A prefix sum as explained above does not compute the right result. The first couple of $y_{ij}$ terms do indeed sum to $y_1$, but then continuing the prefix sum gives $y_1+y_2$, instead of $y_2$. The trick to making this work is to consider two-component quantities $\langle y_{ij},s_{ij}\rangle$, where \begin{equation} s_{ij} = \begin{cases} 1&\hbox{if $j$ is the first nonzero index in row $i$}\\ 0&\hbox{otherwise} \end{cases} \end{equation} Now we can define prefix sums that are `reset' every time $s_{ij}=1$.
crumb trail: > prefix > Horner's rule
Horner's rule for evaluating a polynomial is an example of a simple recurrence: \begin{equation} y = c_0 x^n +\cdots+ c_n x^0 \equiv \begin{cases} t_0 \leftarrow c_0\\ t_i \leftarrow t_{i-1}\cdot x + c_i&i=1,…,n\\ y = t_n\\ \end{cases} \end{equation} or, written more explicitly \begin{equation} y = \left(\left( ( c_0\cdot x + c_1 ) \cdot x + c_2 \right) \cdots \right) . \end{equation} Like many other recurrences, this seemingly sequential operation can be parallelized: \begin{equation} \begin{array}{cccc} c_0 x + c_1 & c_2 x + c_3 & c_4 x + c_5 & c_6 x + c_7\\ %% \multicolumn{2}{c}{${\upbracefill}$} & %% \multicolumn{2}{@{}c@{}}{${\upbracefill}$} \\ \multicolumn{2}{c}{\cdot \times x^2 + \cdot}& \multicolumn{2}{c}{\cdot \times x^2 + \cdot}\\ %% \multicolumn{4}{c}{${\upbracefill}$} \\ \multicolumn{4}{c}{\cdot \times x^4 + \cdot}\\ \end{array} \end{equation}
However, we see here that some cleverness is needed: we need $x,x^2,x^4$ etc.\ to multiply subresults.

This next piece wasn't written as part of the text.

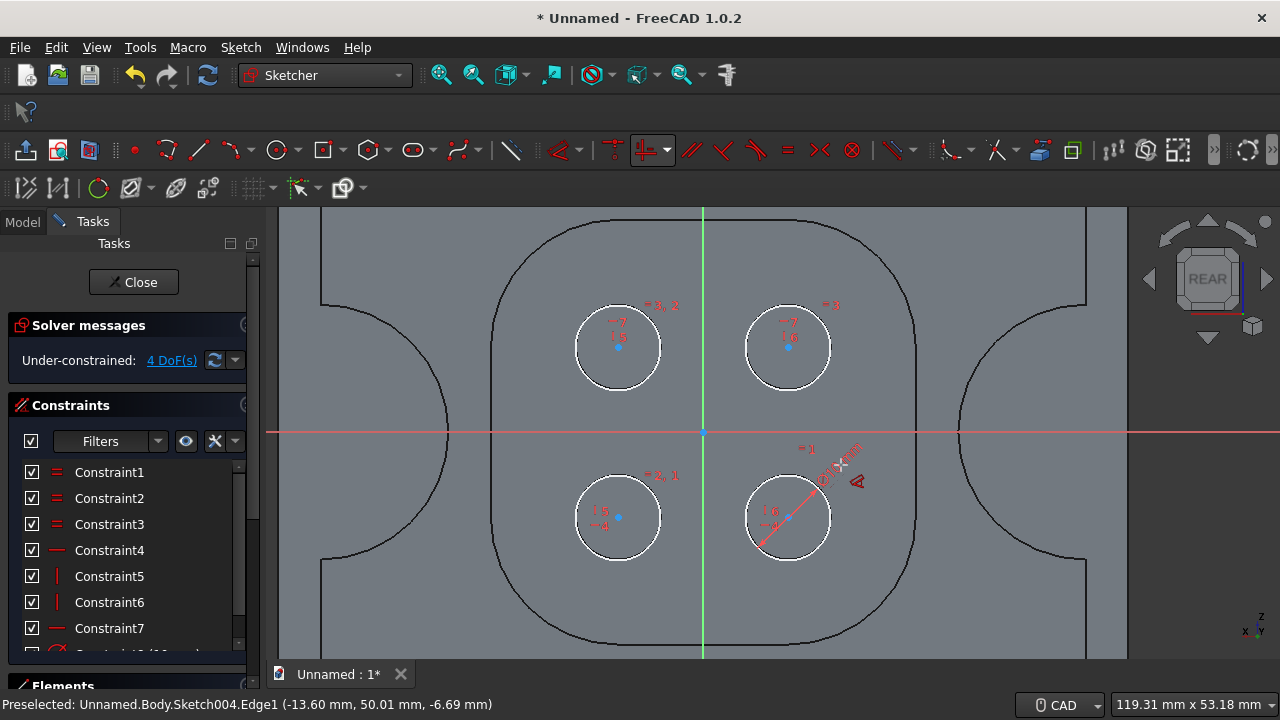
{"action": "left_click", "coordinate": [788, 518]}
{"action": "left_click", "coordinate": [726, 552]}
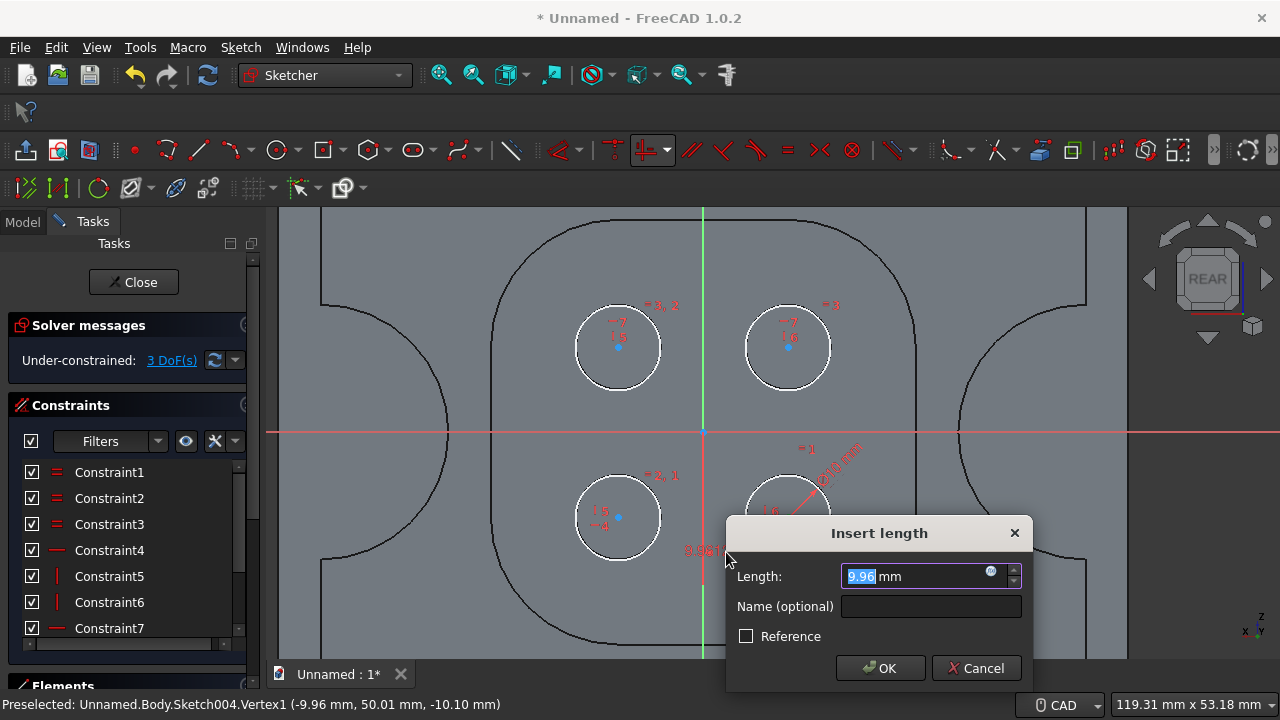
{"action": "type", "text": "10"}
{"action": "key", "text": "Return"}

Interpreting Horner's rule as a prefix scheme fails: the `horner operator' $h_x(a,b)=ax+b$ is easily seen not to be associative. From the above treewise calculation we see that we need to carry and update the $x$, rather than attaching it to the operator.
A little experimenting shows that \newcommand\xyvec[2]{ \left[
\begin{array}{c}
#1
#2
\end{array} \right] } \begin{equation} h\left( \xyvec ax,\xyvec by \right) \equiv \xyvec {ay+b}{xy} \end{equation} serves our purposes: \begin{equation} h\left( \xyvec ax,\xyvec by ,\xyvec cz \right) = \left\{ \begin{array}{lll} h\left( h\left( \xyvec ax,\xyvec by \right ),\xyvec cz \right) &=& h\left( \xyvec {ay+b}{xy},\xyvec cz \right) \\ h\left( \xyvec ax,h\left( \xyvec by ,\xyvec cz \right ) \right) &=& h\left( \xyvec ax,\xyvec { bz+c } {yz} \right) \end{array} \right\} = \xyvec{ayz + bz +c}{xyz} \end{equation} With this we can realize Horner's rule as \begin{equation} h\left( \xyvec {c_0}x,\xyvec {c_1}x,…,\xyvec {c_n}x \right) \end{equation}
As an aside, this particular form of the `horner operator' corresponds to the `rho' operator in the programming language APL , which is normally phrased as evaluation in a number system with varying radix.